▸ **What to work on**
Look through the data for the string "Lengths". Copy every line where it is found.

^^^^

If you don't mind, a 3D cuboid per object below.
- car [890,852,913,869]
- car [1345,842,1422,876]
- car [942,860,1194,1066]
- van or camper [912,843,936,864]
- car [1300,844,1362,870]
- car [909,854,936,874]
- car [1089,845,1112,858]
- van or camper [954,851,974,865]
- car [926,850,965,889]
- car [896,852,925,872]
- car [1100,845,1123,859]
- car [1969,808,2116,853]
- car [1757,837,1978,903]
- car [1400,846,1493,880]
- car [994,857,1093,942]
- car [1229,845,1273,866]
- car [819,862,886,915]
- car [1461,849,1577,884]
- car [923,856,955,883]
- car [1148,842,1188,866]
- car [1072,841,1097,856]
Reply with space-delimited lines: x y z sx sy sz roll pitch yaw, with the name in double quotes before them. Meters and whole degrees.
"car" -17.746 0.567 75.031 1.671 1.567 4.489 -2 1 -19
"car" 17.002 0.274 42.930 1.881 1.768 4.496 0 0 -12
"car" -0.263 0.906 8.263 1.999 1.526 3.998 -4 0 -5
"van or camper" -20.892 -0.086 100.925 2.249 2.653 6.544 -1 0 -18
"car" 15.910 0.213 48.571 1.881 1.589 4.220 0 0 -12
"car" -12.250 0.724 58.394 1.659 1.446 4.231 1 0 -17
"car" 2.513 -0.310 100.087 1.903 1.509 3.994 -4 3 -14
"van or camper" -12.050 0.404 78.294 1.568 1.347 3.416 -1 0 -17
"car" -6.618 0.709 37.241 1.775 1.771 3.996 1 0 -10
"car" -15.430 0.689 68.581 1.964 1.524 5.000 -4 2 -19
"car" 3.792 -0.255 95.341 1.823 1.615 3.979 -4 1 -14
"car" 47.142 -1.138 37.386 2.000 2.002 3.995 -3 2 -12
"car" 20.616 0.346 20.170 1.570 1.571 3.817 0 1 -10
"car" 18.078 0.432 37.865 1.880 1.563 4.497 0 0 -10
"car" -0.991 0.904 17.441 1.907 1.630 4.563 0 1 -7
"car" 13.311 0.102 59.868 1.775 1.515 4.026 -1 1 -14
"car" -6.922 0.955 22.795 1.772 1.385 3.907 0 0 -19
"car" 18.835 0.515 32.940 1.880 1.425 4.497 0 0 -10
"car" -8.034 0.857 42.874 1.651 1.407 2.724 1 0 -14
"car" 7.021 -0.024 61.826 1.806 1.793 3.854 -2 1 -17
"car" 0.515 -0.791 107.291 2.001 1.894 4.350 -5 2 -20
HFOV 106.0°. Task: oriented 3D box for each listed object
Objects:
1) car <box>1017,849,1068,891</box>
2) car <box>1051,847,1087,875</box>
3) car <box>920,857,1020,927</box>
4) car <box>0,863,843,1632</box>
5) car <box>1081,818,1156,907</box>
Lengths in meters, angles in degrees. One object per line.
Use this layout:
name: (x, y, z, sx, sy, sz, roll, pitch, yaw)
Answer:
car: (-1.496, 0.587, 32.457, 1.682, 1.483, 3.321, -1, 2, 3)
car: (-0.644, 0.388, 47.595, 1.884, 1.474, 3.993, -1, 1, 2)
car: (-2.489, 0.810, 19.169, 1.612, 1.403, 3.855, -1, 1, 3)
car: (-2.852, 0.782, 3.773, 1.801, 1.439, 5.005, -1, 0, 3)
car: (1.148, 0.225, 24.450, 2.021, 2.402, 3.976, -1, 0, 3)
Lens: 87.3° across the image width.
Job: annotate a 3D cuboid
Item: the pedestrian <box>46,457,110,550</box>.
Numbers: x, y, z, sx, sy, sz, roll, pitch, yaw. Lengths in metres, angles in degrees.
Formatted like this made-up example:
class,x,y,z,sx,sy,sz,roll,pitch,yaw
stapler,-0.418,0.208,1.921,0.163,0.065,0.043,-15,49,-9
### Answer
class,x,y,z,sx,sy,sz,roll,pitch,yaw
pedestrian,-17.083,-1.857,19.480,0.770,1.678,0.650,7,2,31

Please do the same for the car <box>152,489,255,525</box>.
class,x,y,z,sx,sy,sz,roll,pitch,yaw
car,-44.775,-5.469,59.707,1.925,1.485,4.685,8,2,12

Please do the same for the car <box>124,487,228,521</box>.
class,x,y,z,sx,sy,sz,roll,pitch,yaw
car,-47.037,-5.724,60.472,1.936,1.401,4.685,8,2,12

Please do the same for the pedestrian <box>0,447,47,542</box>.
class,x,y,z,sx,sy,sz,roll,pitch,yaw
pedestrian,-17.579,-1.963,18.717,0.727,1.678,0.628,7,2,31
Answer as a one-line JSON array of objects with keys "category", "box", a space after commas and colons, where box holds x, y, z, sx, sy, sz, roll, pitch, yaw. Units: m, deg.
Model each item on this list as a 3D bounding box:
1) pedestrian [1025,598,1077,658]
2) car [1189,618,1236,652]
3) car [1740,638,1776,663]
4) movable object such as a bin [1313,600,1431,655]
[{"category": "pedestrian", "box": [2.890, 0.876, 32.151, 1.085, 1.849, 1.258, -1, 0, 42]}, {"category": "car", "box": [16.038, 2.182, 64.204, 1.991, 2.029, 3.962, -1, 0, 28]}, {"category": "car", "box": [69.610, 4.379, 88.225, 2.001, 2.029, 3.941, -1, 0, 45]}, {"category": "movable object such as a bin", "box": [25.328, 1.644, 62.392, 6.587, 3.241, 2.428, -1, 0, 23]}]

^^^^

▸ **Task solution**
Lengths in meters, angles in degrees. One object per line.
Numbers: x, y, z, sx, sy, sz, roll, pitch, yaw. Lengths in metres, angles in degrees.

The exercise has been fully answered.